* PROBLEM DETAILS
Tally the lines of the listing that contain the string "quot". Give the number and nothing else.

─── DATA TO EXAMINE ───

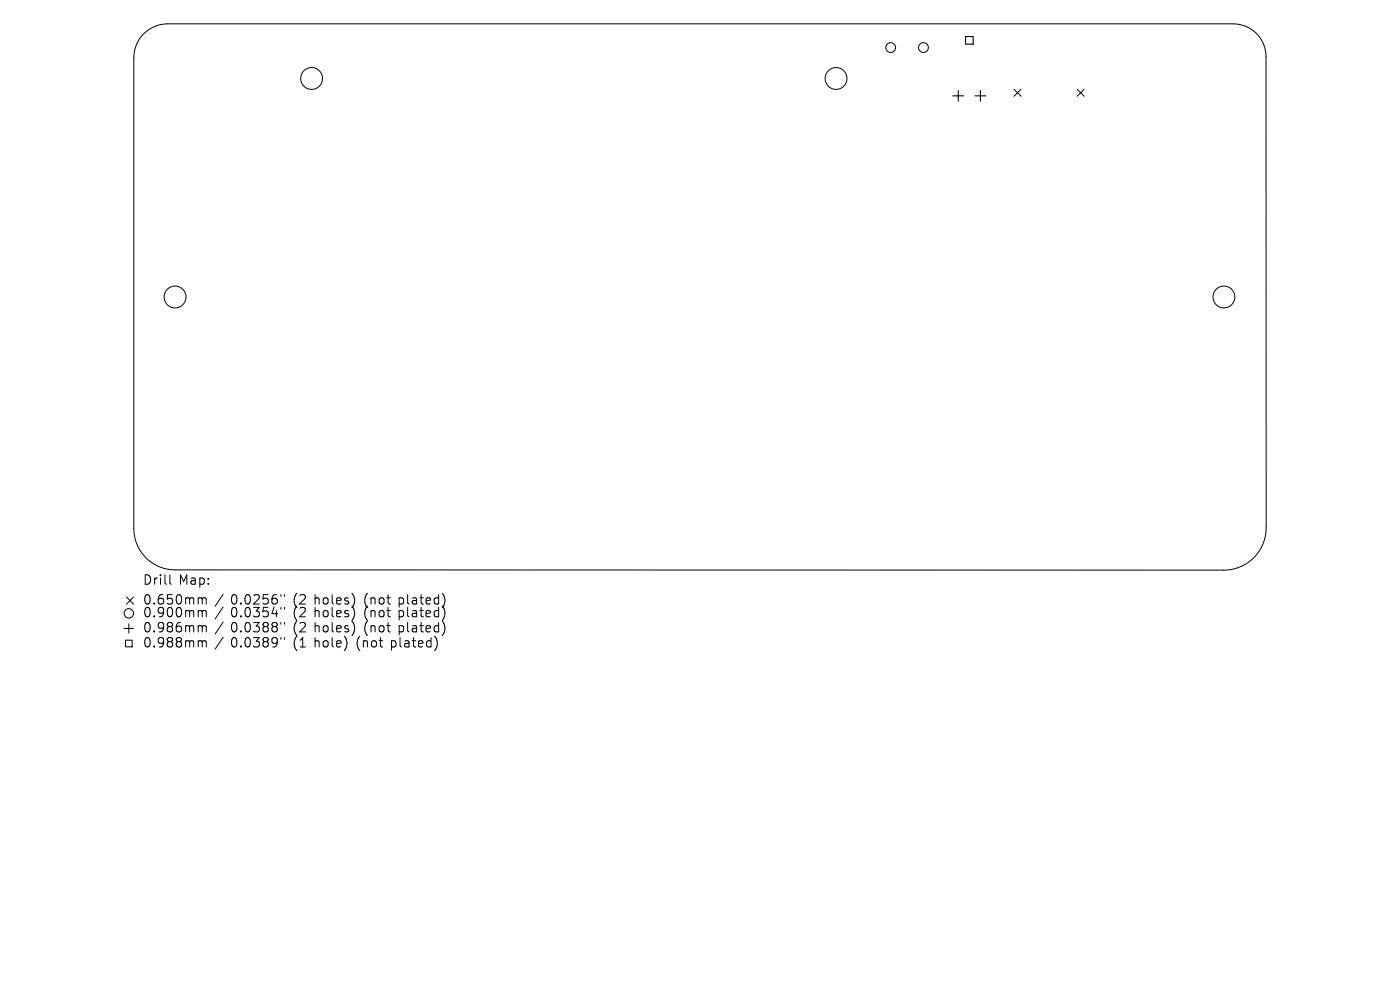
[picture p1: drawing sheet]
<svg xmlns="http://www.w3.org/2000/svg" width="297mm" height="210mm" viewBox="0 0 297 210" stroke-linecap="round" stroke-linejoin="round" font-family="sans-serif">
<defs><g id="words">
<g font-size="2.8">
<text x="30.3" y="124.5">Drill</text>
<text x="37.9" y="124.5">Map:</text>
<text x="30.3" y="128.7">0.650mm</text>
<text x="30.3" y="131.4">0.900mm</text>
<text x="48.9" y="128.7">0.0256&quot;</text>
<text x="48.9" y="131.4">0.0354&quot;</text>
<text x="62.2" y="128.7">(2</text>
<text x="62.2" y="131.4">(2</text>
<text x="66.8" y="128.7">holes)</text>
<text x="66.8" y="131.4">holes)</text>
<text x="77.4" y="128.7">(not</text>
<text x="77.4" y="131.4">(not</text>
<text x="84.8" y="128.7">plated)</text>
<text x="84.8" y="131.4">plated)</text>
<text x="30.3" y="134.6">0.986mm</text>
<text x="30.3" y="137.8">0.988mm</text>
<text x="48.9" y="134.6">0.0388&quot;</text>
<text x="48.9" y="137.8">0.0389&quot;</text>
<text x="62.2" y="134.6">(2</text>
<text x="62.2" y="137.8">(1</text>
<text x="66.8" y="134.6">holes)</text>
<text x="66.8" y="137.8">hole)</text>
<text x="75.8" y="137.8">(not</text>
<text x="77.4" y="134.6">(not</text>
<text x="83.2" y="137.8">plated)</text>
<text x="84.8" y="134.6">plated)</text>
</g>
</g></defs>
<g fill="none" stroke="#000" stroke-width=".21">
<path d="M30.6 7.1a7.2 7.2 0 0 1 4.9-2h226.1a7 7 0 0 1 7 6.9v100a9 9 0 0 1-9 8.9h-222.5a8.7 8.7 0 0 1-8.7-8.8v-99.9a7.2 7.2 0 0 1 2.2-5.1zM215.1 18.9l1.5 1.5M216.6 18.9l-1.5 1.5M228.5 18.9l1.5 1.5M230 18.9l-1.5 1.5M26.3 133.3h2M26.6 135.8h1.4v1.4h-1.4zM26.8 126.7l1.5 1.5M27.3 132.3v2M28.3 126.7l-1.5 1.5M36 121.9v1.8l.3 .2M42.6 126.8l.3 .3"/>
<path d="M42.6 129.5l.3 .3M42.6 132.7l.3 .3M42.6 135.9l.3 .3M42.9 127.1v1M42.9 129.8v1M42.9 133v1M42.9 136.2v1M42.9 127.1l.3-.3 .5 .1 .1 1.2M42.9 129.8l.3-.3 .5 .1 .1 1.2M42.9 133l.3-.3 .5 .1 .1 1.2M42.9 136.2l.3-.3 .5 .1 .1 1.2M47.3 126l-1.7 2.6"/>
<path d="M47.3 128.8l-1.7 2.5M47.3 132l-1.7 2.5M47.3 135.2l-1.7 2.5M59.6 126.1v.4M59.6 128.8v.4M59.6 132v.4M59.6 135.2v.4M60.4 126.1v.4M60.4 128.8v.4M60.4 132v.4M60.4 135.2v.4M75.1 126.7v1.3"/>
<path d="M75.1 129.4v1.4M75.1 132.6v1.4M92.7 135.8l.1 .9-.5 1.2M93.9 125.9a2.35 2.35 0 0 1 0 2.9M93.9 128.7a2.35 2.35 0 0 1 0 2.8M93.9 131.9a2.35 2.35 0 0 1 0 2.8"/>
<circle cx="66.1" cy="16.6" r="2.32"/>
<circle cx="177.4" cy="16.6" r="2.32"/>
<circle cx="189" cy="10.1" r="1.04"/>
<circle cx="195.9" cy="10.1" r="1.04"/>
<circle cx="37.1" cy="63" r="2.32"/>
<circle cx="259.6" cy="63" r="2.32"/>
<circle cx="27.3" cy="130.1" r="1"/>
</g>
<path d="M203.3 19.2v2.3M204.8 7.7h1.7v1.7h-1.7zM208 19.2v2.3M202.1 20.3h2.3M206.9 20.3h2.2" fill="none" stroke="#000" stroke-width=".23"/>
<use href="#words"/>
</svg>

───

* RESPONSE FOR THIS EXERCISE
4